Exercise goal: Copy the records below word for word, from the first line through the line that contains "- boat shoe at [469, 61, 481, 64]", and leave out any pictures.

Data under study:
--------------------------------------------------
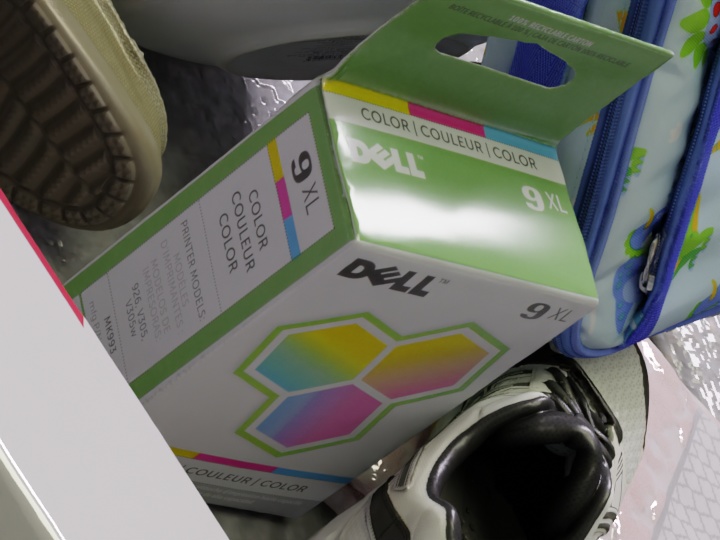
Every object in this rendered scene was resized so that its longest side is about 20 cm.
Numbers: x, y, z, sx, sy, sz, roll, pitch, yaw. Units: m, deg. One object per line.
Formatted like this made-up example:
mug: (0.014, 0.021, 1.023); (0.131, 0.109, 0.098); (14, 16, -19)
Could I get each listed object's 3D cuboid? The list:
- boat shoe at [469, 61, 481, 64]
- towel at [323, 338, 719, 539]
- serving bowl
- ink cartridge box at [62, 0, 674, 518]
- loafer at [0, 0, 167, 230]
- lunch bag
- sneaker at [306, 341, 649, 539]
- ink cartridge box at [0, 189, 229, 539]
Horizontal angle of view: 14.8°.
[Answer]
boat shoe: (0.038, -0.029, 0.971); (0.199, 0.074, 0.075); (-10, 49, -40)
towel: (0.078, 0.076, 1.006); (0.191, 0.032, 0.200); (46, 34, -11)
serving bowl: (-0.007, -0.104, 0.935); (0.199, 0.199, 0.066); (2, 83, -49)
ink cartridge box: (0.000, 0.000, 0.828); (0.103, 0.200, 0.060); (14, 51, -42)
loafer: (-0.123, -0.104, 0.882); (0.200, 0.076, 0.068); (52, 40, -1)
lunch bag: (0.108, -0.075, 0.901); (0.082, 0.201, 0.160); (34, 34, 32)
sneaker: (0.058, 0.068, 0.891); (0.076, 0.088, 0.200); (50, 41, -3)
ink cartridge box: (-0.150, 0.064, 0.589); (0.145, 0.199, 0.084); (56, 14, 4)
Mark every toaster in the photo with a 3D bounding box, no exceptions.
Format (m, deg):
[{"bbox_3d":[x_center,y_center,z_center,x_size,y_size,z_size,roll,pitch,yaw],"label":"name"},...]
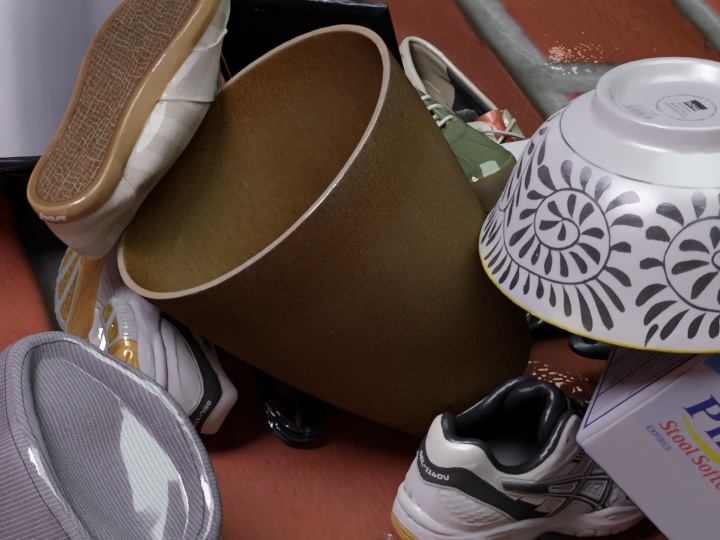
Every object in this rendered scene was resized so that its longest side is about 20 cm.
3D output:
[{"bbox_3d":[-0.190,-0.117,1.156,0.181,0.119,0.200,-5,11,-25],"label":"toaster"}]

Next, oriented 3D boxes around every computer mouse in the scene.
[{"bbox_3d":[-0.039,0.035,1.134,0.059,0.034,0.200,24,37,-15],"label":"computer mouse"}]

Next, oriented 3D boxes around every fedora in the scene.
[{"bbox_3d":[-0.137,0.100,0.896,0.177,0.090,0.200,-7,56,-40],"label":"fedora"}]

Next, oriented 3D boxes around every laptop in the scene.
[{"bbox_3d":[-0.050,-0.167,1.259,0.200,0.177,0.103,9,62,17],"label":"laptop"}]

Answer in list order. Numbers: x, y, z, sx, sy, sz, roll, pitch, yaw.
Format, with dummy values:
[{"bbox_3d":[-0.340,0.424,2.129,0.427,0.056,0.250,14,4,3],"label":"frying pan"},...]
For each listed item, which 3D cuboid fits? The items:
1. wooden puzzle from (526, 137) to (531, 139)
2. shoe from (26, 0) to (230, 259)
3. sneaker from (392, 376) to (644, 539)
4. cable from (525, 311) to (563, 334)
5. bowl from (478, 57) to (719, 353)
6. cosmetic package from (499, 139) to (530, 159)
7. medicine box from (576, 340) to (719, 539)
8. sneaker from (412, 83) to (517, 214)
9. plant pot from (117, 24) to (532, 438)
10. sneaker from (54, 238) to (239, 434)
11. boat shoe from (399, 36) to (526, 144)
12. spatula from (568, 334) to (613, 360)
[{"bbox_3d":[0.238,-0.057,1.354,0.185,0.037,0.200,-17,45,-38],"label":"wooden puzzle"},{"bbox_3d":[-0.123,-0.094,1.052,0.070,0.053,0.200,4,55,33],"label":"shoe"},{"bbox_3d":[0.110,0.097,1.026,0.200,0.088,0.076,-17,42,-39],"label":"sneaker"},{"bbox_3d":[0.106,0.017,1.186,0.097,0.050,0.200,35,39,27],"label":"cable"},{"bbox_3d":[0.161,-0.050,0.962,0.201,0.094,0.201,0,29,0],"label":"bowl"},{"bbox_3d":[0.120,-0.039,1.170,0.200,0.083,0.051,-8,31,17],"label":"cosmetic package"},{"bbox_3d":[0.231,0.079,1.026,0.182,0.103,0.200,47,35,-9],"label":"medicine box"},{"bbox_3d":[0.008,-0.089,1.142,0.067,0.090,0.200,-36,31,-30],"label":"sneaker"},{"bbox_3d":[0.000,0.000,1.042,0.200,0.186,0.186,46,19,-31],"label":"plant pot"},{"bbox_3d":[-0.121,0.027,1.089,0.088,0.076,0.200,19,31,-26],"label":"sneaker"},{"bbox_3d":[0.081,-0.090,1.324,0.071,0.063,0.200,-11,42,-35],"label":"boat shoe"},{"bbox_3d":[0.218,0.056,1.184,0.200,0.021,0.057,10,34,-24],"label":"spatula"}]
--------------------------------------------------
Result of this exercise:
Every object in this rendered scene was resized so that its longest side is about 20 cm.
Numbers: x, y, z, sx, sy, sz, roll, pitch, yaw. Units: m, deg. One object per line.
Formatted like this made-up example:
mug: (0.014, 0.021, 1.023); (0.131, 0.109, 0.098); (14, 16, -19)
Could I get each listed object's 3D cuboid? The list:
- boat shoe at [469, 61, 481, 64]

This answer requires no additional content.